We are journeying into new stages as our children grow up. In March,
Kiandra turned 18,
she doesn't need any parent/guardian signatures anymore, and she was removed from our family health card and now has her own card. Kiandra can now vote in the next election. She is, in the eyes of the law, an adult. We have never been the parents of an adult child and we are so new to this stage of transition. It's a hard one. Hard to realize that your child is not so little anymore. Hard to realize that decisions are more permanent and can't be wasted. Hard to know when to hold or when to set free. Kiandra is very independent in many ways. She's packed her lunches and done her own laundry for years. She has her driver's license, can use transit, and will even walk to the places she needs to get to when she is able. She's been cooking like a pro ever since she was 9 years old and created a recipe that came in 14th place out of over 150 entries. She often makes supper for the family and loves experimenting with new recipes. She keeps her room tidy, sometimes volunteers to clean the house, and she helps out with setting the table and cleaning out the dishwasher. She is obedient, surrounds herself with great friends, makes good choices, and she is not even remotely close the boy-crazy teenager that her Mom was, lol! I am so blessed to have her as a daughter. She is becoming such an amazing young person.
However, in many other ways, Kiandra is very young in her thinking and in her responsibilities. Her full baby-sitting schedule, acting work, and especially her stand-in gig have padded her bank account in a way that few people her age have experienced. She hasn't had to have a "real" job. Lately, due to a number of conversations that Conrad and I have had with others we realize that on the job experience is invaluable as a skill and is a more reliable way to become even more independent, responsible, and more mature. Ultimately, that is the goal. It's hard for me to think that way because as much as I would love all my kids at home forever I need to realize that me making it too comfortable is not going to benefit anyone.
One of my favourite Mom bloggers (Vicki Courtney) wrote in one of her books that a parent's job is to successfully launch our kids from the safety of the home nest. To prepare them for life outside the home and to slowly move them to that goal. I found this illustration
here:
When a baby eagle is born, its home is a very soft, warm, cozy nest, high up in a secure place. The mother and father eagles make the nest as comfortable as possible for the baby eagle. While the baby eagle is safely tucked in the nest, getting stronger and growing bigger, mother and father eagle soar above in the sky, showing the baby eagle what eagles are meant to do. But with such a comfortable nest, the baby eagle is content and complacent to remain a “freeloader” and just let mother and father feed and take care of it.

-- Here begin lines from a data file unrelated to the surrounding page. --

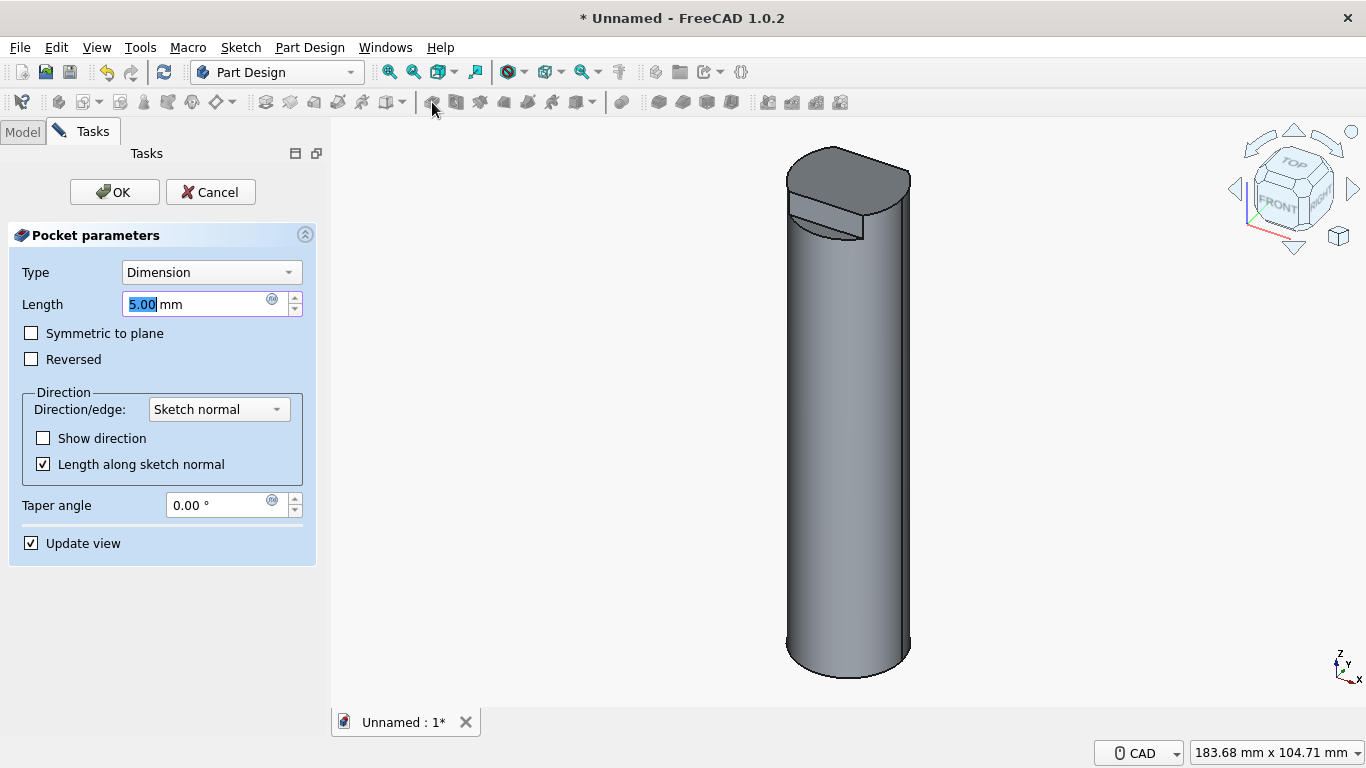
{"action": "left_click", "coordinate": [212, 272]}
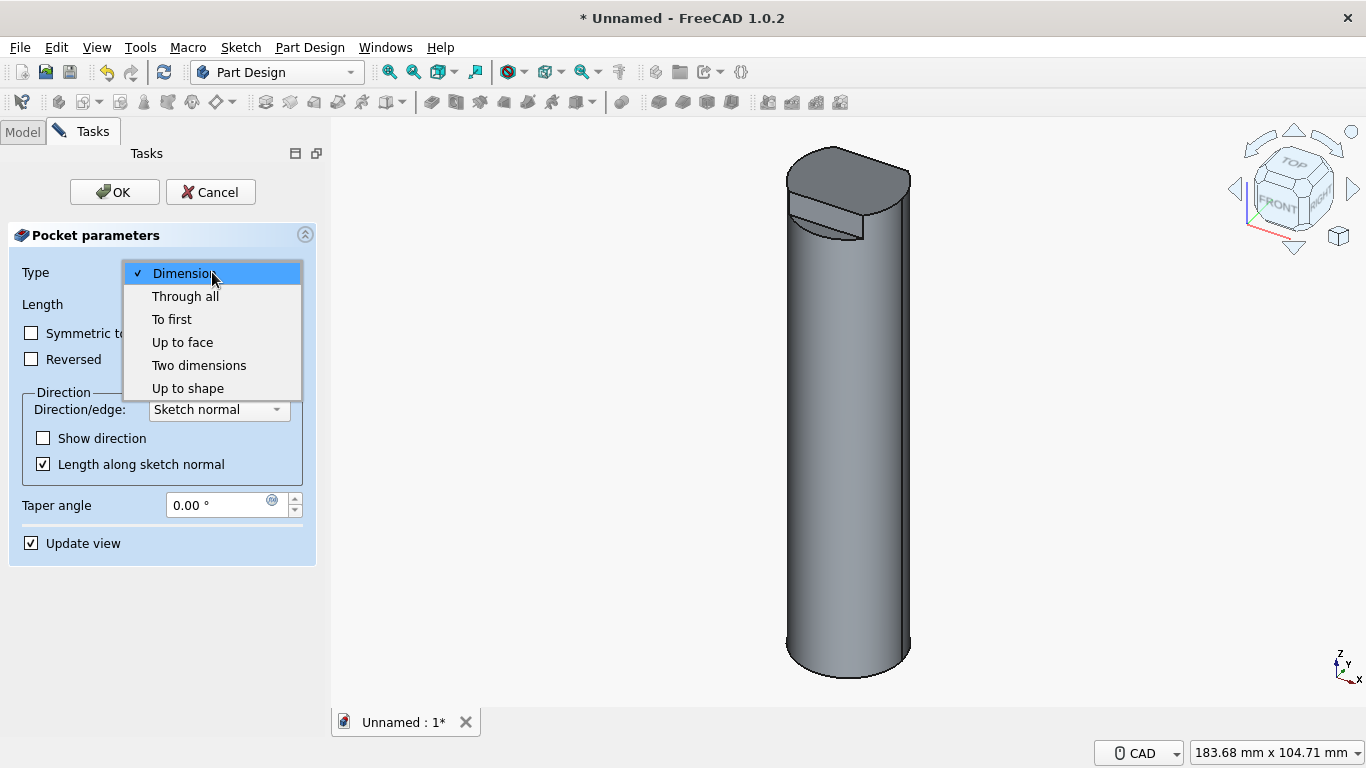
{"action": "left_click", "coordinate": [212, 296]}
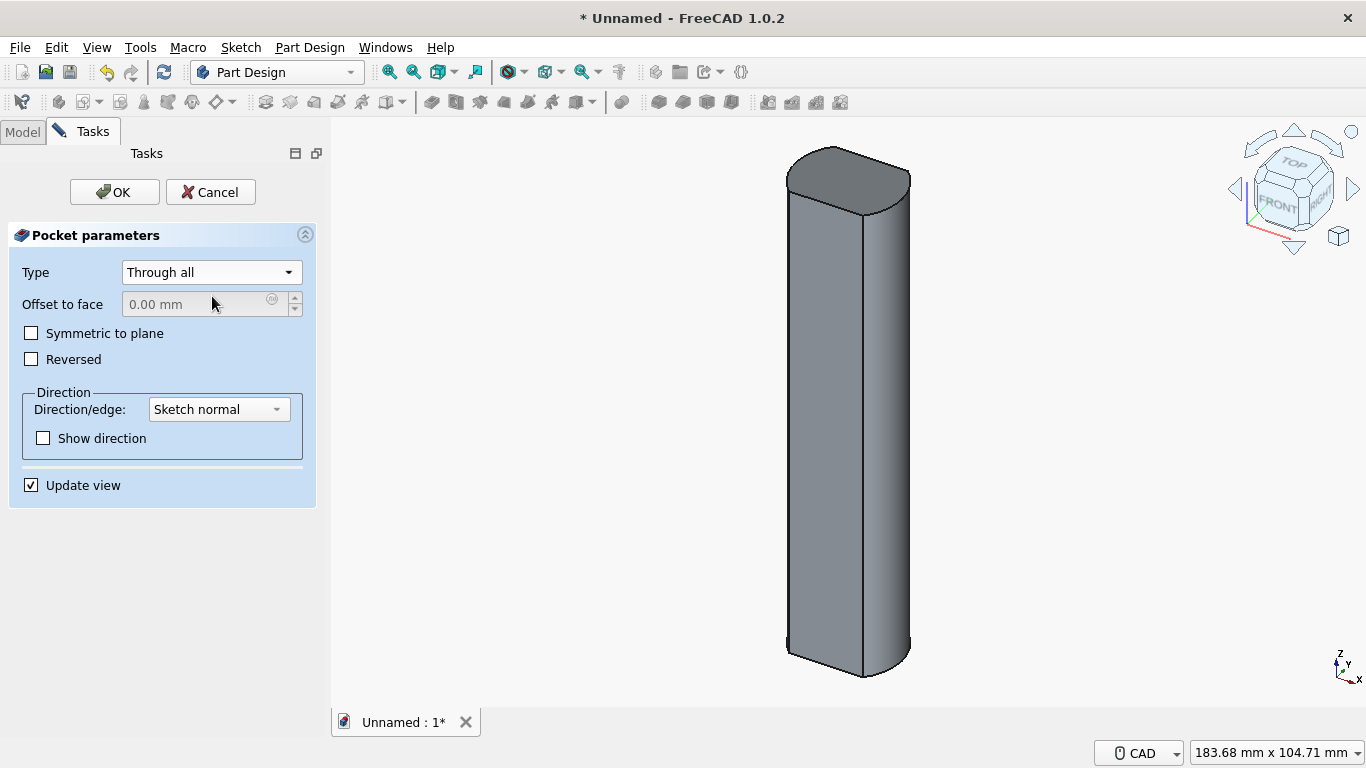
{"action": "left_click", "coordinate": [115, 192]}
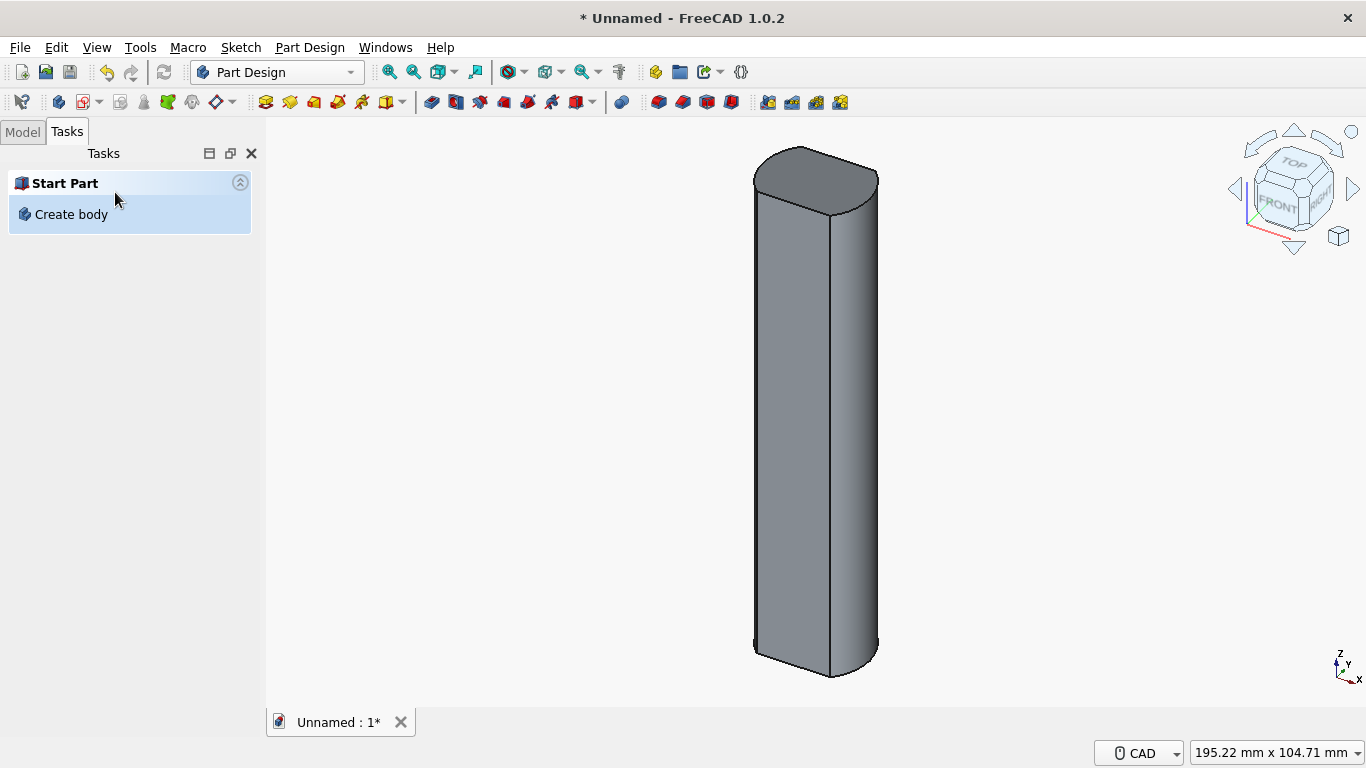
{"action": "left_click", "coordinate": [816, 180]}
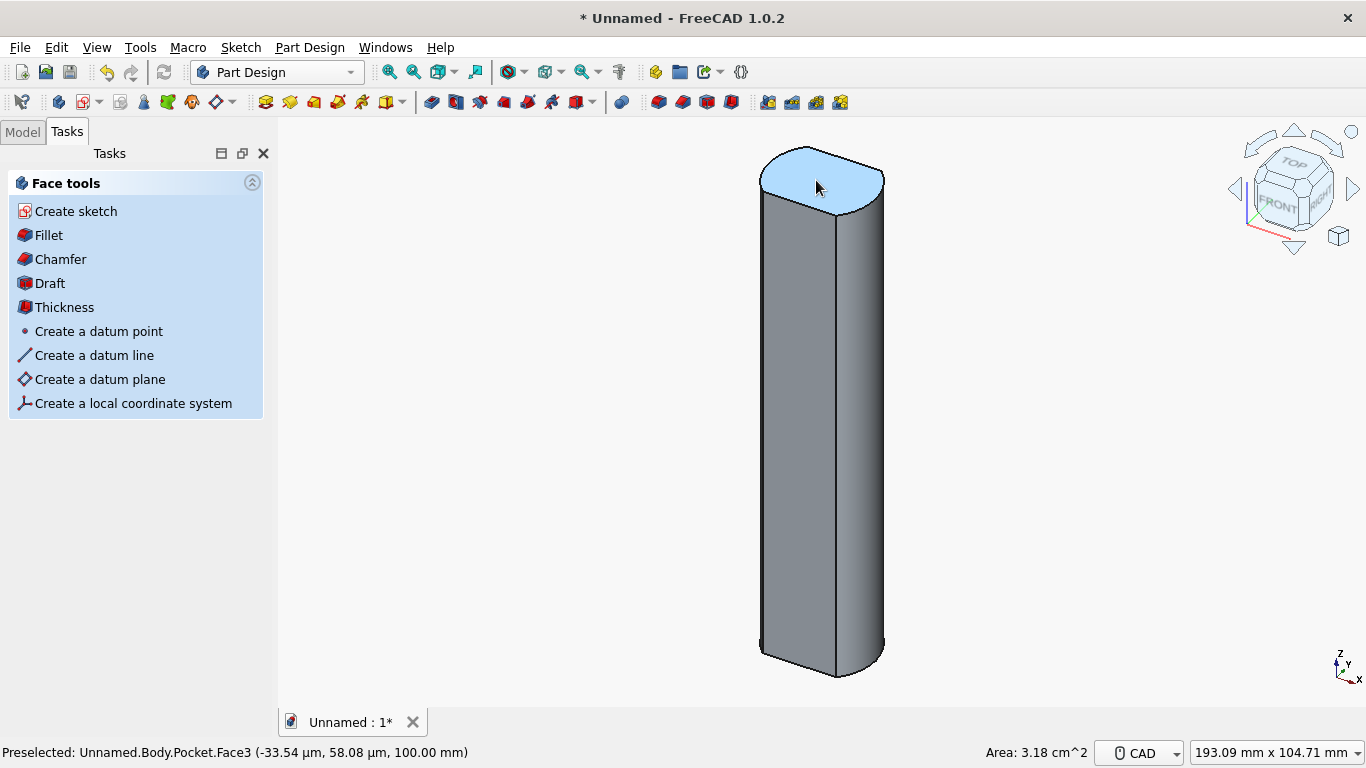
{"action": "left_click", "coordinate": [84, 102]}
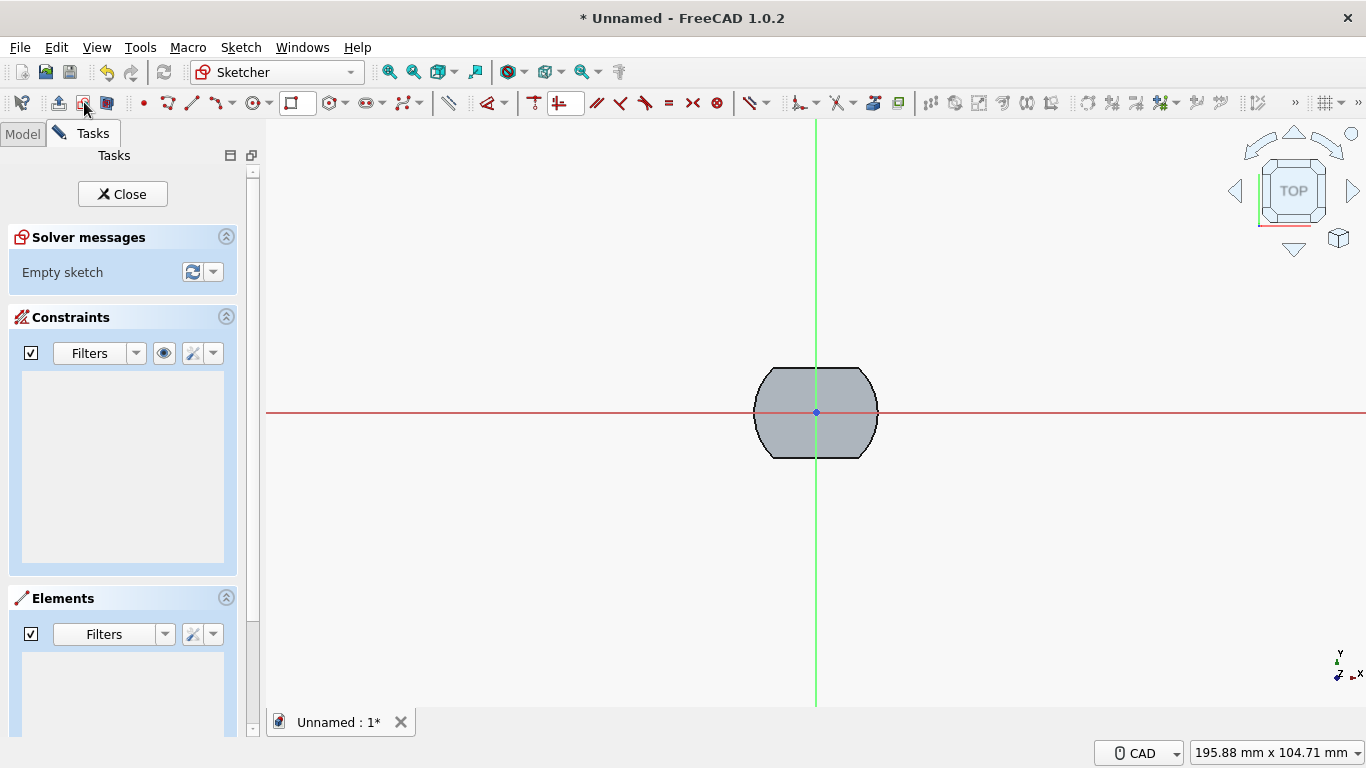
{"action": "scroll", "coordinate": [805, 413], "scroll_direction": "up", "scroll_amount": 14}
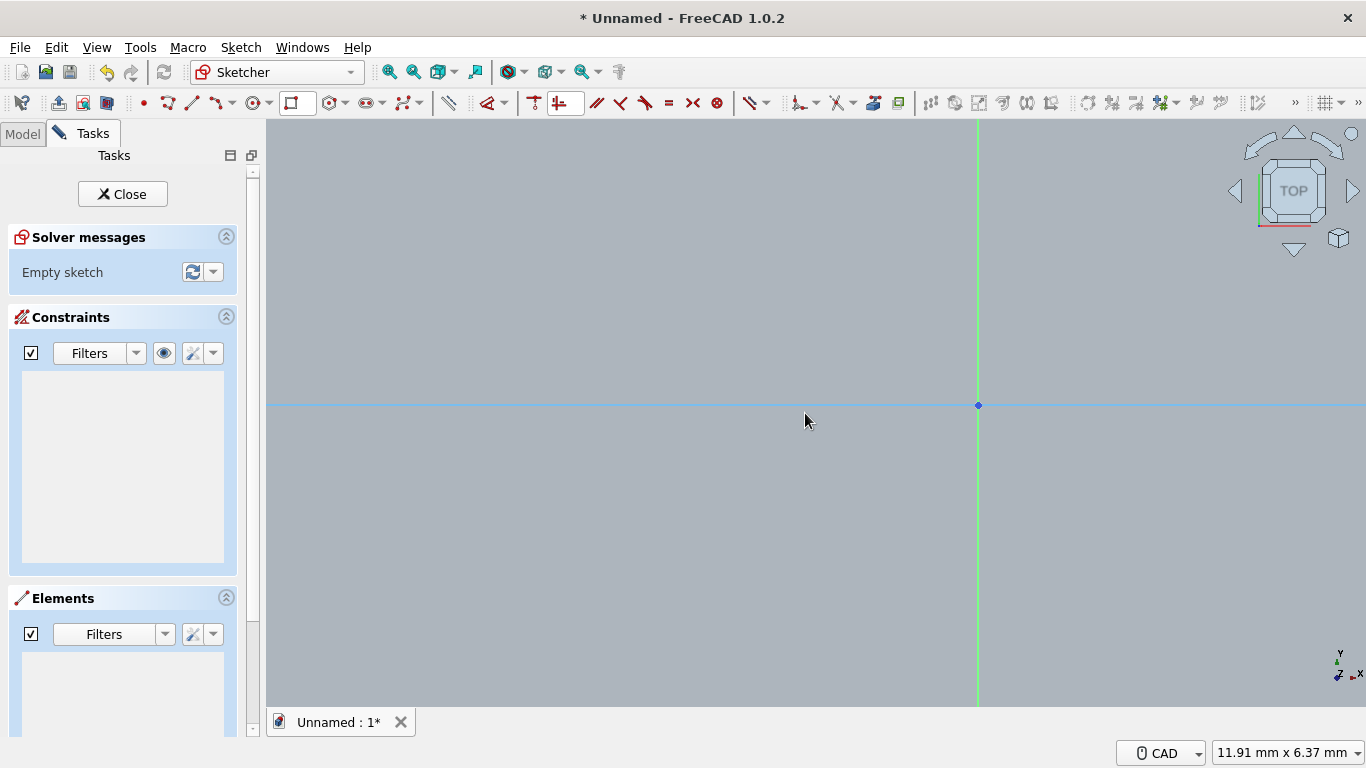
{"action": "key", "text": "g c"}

One day mother and father eagle start changing. They don’t bring any food to eat, but instead they start grabbing chunks of the comfortable feathers padding the nest and dropping them over the side. Little by little, they take away all the warm, soft lining of the nest until finally the baby eagle is left in that very uncomfortable, sticky, prickly nest. Why? Because the baby eagle will never complete the process of learning to fly and soar as long as its nest is comfortable, warm, and feathered.
So as we move into this new stage of parents to adult children, Conrad and I met with all of our children today to talk about expectations as they become adults. Things we have always provided and paid for will slowly become the responsibility of the new adult. We are slowly taking away the comfy padding and beginning to help with the transition. It's not easy. A friend of mine whose child is a year older than Kiandra says she struggles with the same thing: How much to create comfort and enjoy whatever time they choose to stay at home and how much to expect so that there is an increased independence. It's a tough call.
It was an interesting family meeting yesterday. A little too soon for Kezia and Kaden who seem to be so far away from the reality of adulthood and a little too close and personal for Kiandra. Conrad and I agreed that this meeting should have occurred years ago but this whole adult child thing kind of snuck up on us too.
So we journey this new stage together....one day at a time. We want our home (nest) to be welcoming but not at the expense of stunting our children and not preparing them for life when they move out. Our job as parents is to get them ready for the next stage and if we aren't doing that, we aren't doing our job.